Далее была «теплушка». Теплушка – это утепленный грузовой железнодорожный вагон, приспособленный для перевозки людей. Приспособление это выражалось в железной печке в середине вагона и в деревянных двухэтажных нарах. В таких теплушках осенью 1947 года, снабдив продовольственными пайками, нас повезли через всю Сибирь на Урал. Из моих воспоминаний об этой поездке осталась одна «картинка», увиденная через открытую (раздвижную) дверь вагона: на белом снегу черные фигуры и красные флаги. Видимо, это было 7 ноября, то есть праздничная демонстрация в годовщину Октябрьской революции. Понятно яркое впечатление от этой «картинки». Ни снега я никогда не видел, ни красных флагов. И еще впечатление, что на верхних нарах было довольно уютно.
Что же чувствовали в этой поездке мои родители, можно только предполагать. Так как критических разговоров в адрес советской действительности при детях не велось. Лишь много позже, уже в брежневский период, когда страх перед сталинскими репрессиями отступил, мама рассказала, что ее поразили нищенски одетые люди, которые на остановках подходили к поезду, нередко прося милостыню, или, наоборот, обменивая продукты питания на вещи пассажиров. На этих же остановках в вагоны заходили некие «товарищи» и уводили с собой кого-то из репатриантов. К счастью, мою семью и моих родственников это не коснулось.
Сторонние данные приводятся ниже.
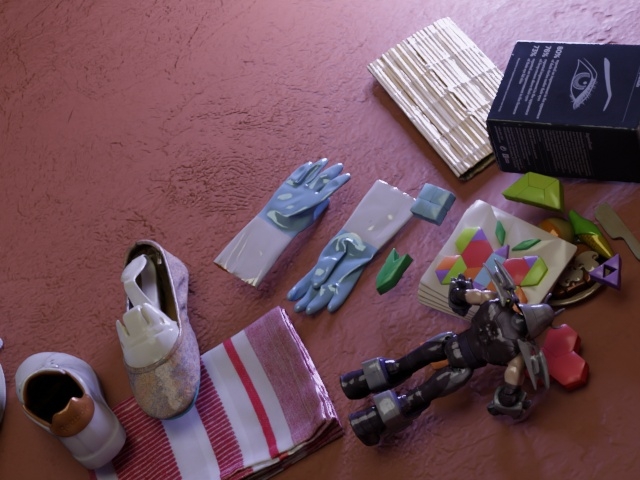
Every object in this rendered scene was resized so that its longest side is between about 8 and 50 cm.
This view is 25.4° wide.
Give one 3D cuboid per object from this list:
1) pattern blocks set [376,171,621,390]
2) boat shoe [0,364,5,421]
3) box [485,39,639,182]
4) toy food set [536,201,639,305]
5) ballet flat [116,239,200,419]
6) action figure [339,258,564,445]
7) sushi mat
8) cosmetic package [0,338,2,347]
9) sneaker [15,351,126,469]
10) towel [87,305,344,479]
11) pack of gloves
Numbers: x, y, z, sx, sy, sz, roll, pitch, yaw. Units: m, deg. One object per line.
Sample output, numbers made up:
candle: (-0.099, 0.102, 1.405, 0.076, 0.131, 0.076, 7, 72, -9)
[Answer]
pattern blocks set: (0.218, 0.039, 1.766, 0.325, 0.026, 0.285, 10, 67, 36)
boat shoe: (-0.492, 0.254, 1.965, 0.079, 0.084, 0.233, -12, 50, 19)
box: (0.340, -0.170, 1.851, 0.207, 0.108, 0.153, 8, 55, 26)
toy food set: (0.298, 0.024, 1.763, 0.192, 0.038, 0.132, -32, 43, 0)
ballet flat: (-0.230, 0.109, 1.904, 0.107, 0.106, 0.316, -28, 35, 8)
action figure: (0.160, 0.137, 1.672, 0.285, 0.099, 0.185, -28, 58, 20)
sushi mat: (0.192, -0.212, 2.049, 0.151, 0.019, 0.316, -32, 44, -1)
cosmetic package: (-0.752, 0.143, 2.032, 0.393, 0.329, 0.327, 10, 56, 36)
sneaker: (-0.356, 0.193, 1.896, 0.106, 0.123, 0.290, -45, 32, -12)
towel: (-0.151, 0.240, 1.822, 0.329, 0.037, 0.237, -31, 42, 1)
pack of gloves: (0.000, 0.000, 1.962, 0.195, 0.046, 0.232, 31, 69, 28)
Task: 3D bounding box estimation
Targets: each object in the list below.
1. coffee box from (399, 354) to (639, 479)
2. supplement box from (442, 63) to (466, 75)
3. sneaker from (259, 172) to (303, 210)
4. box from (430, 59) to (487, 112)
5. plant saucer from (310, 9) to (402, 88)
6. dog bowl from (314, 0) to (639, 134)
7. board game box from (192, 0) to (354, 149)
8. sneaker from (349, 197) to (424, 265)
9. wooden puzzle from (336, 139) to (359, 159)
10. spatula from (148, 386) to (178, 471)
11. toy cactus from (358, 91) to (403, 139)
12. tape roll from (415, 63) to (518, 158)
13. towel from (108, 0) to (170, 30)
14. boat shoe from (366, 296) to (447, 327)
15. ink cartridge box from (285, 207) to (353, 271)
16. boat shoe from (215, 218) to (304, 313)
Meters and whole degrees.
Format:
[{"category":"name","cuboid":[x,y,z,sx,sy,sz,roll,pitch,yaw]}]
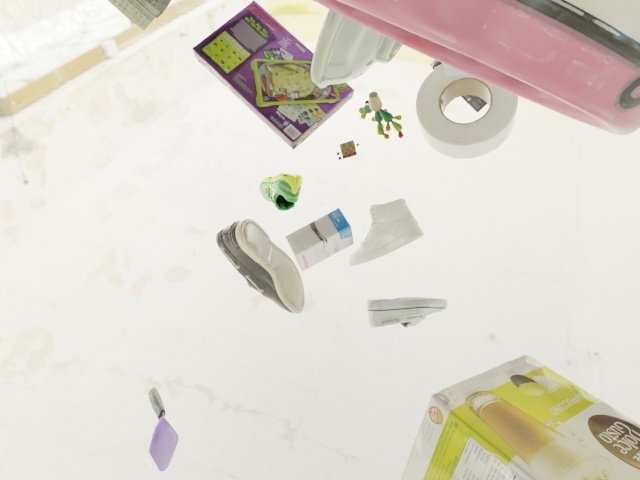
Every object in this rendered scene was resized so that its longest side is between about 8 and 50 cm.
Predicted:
[{"category":"coffee box","cuboid":[0.370,0.459,0.958,0.338,0.337,0.334,-6,-151,-41]},{"category":"supplement box","cuboid":[0.333,-0.483,1.191,0.114,0.111,0.219,4,-119,27]},{"category":"sneaker","cuboid":[-0.153,-0.167,1.964,0.110,0.123,0.296,6,175,-21]},{"category":"box","cuboid":[0.503,-0.562,1.771,0.183,0.233,0.059,-44,-156,25]},{"category":"plant saucer","cuboid":[0.127,-0.419,0.923,0.101,0.400,0.400,33,-133,2]},{"category":"dog bowl","cuboid":[0.144,-0.228,0.470,0.408,0.150,0.408,22,-161,-8]},{"category":"board game box","cuboid":[-0.114,-0.403,1.310,0.208,0.056,0.347,-44,-99,-10]},{"category":"sneaker","cuboid":[0.190,-0.034,1.808,0.293,0.169,0.108,-30,171,34]},{"category":"wooden puzzle","cuboid":[0.088,-0.290,1.734,0.083,0.049,0.006,-14,179,24]},{"category":"spatula","cuboid":[-0.341,0.380,1.147,0.030,0.084,0.296,20,-179,-22]},{"category":"toy cactus","cuboid":[0.225,-0.482,2.034,0.112,0.180,0.219,-36,-127,-7]},{"category":"tape roll","cuboid":[0.423,-0.386,1.580,0.287,0.100,0.285,-4,-106,16]},{"category":"towel","cuboid":[-0.586,-0.866,1.680,0.312,0.324,0.056,-38,-146,23]},{"category":"boat shoe","cuboid":[0.218,0.183,1.375,0.227,0.075,0.083,1,178,-18]},{"category":"ink cartridge box","cuboid":[0.000,0.000,1.685,0.191,0.139,0.082,-27,-114,-5]},{"category":"boat shoe","cuboid":[-0.093,0.047,0.878,0.065,0.206,0.075,-12,-138,27]}]
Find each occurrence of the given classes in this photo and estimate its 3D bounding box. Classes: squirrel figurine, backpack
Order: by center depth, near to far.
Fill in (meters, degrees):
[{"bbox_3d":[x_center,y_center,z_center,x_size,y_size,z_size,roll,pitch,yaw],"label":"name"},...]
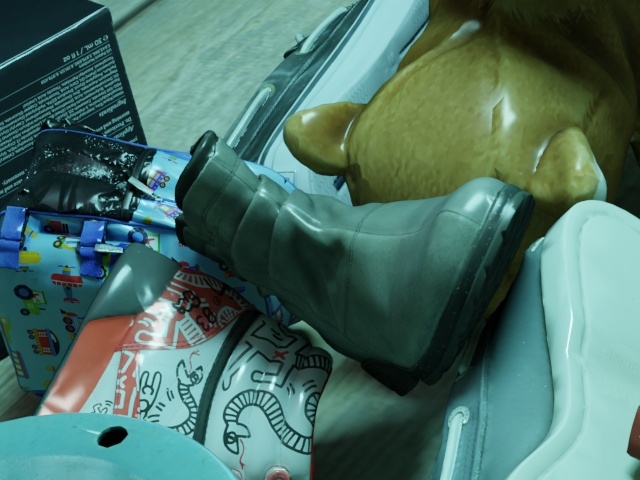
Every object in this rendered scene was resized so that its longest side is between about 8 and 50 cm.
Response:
[{"bbox_3d":[0.131,-0.160,1.057,0.281,0.397,0.370,20,49,28],"label":"squirrel figurine"},{"bbox_3d":[-0.090,0.022,1.086,0.173,0.158,0.117,8,45,11],"label":"backpack"}]

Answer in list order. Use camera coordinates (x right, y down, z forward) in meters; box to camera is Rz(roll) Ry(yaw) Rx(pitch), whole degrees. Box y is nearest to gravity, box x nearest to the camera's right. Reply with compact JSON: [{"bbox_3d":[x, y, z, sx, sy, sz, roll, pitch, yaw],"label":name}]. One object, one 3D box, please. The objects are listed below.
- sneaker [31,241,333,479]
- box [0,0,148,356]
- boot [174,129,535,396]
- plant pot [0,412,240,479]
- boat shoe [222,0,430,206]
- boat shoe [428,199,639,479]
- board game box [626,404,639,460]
[{"bbox_3d":[-0.092,0.144,0.943,0.145,0.090,0.270,27,69,-2],"label":"sneaker"},{"bbox_3d":[-0.236,-0.021,1.167,0.261,0.184,0.103,-32,35,-27],"label":"box"},{"bbox_3d":[0.000,0.000,0.902,0.161,0.246,0.083,31,73,-1],"label":"boot"},{"bbox_3d":[-0.085,0.213,0.688,0.272,0.255,0.271,-10,32,6],"label":"plant pot"},{"bbox_3d":[0.021,-0.109,1.265,0.119,0.121,0.335,0,30,33],"label":"boat shoe"},{"bbox_3d":[0.099,0.119,0.792,0.099,0.116,0.319,-45,21,39],"label":"boat shoe"},{"bbox_3d":[0.254,0.051,0.835,0.145,0.027,0.281,19,29,23],"label":"board game box"}]

По прибытию на Урал моих родственников расселили в Свердловске (ныне Екатеринбург) и Свердловской области. Мы оказались в Верхней Пышме, небольшом городке вблизи Свердловска. Сначала нас вместе с другими «шанхайцами» поселили в большом бараке, затем дали комнату в коммунальной (на три семьи) квартире деревянного двухэтажного дома. Во дворе этого дома находились сараи, в одном из которых находилась наша коза Зорька, обеспечивающая молоком меня и сестру. Вообще без подсобного хозяйства выжить в ту пору было невозможно. Поэтому, кроме козы, у нас были огороды под картошку, которые, вскрывая дерн, папа выкапывал в пригородном лесу. Даже покупка хлеба было проблемой. Рано утром, затемно мама шла в очередь к хлебному магазину, иначе хлеба могло и не хватить. Поскольку папа был на работе, то я (а мне было четыре года) оставался один с годовалой сестрой. Как-то раз мама, вернувшись, застала ревущих благим матом своих детей, причем Наташу она обнаружила на полу у стены за кроватью, с которой она скатилась.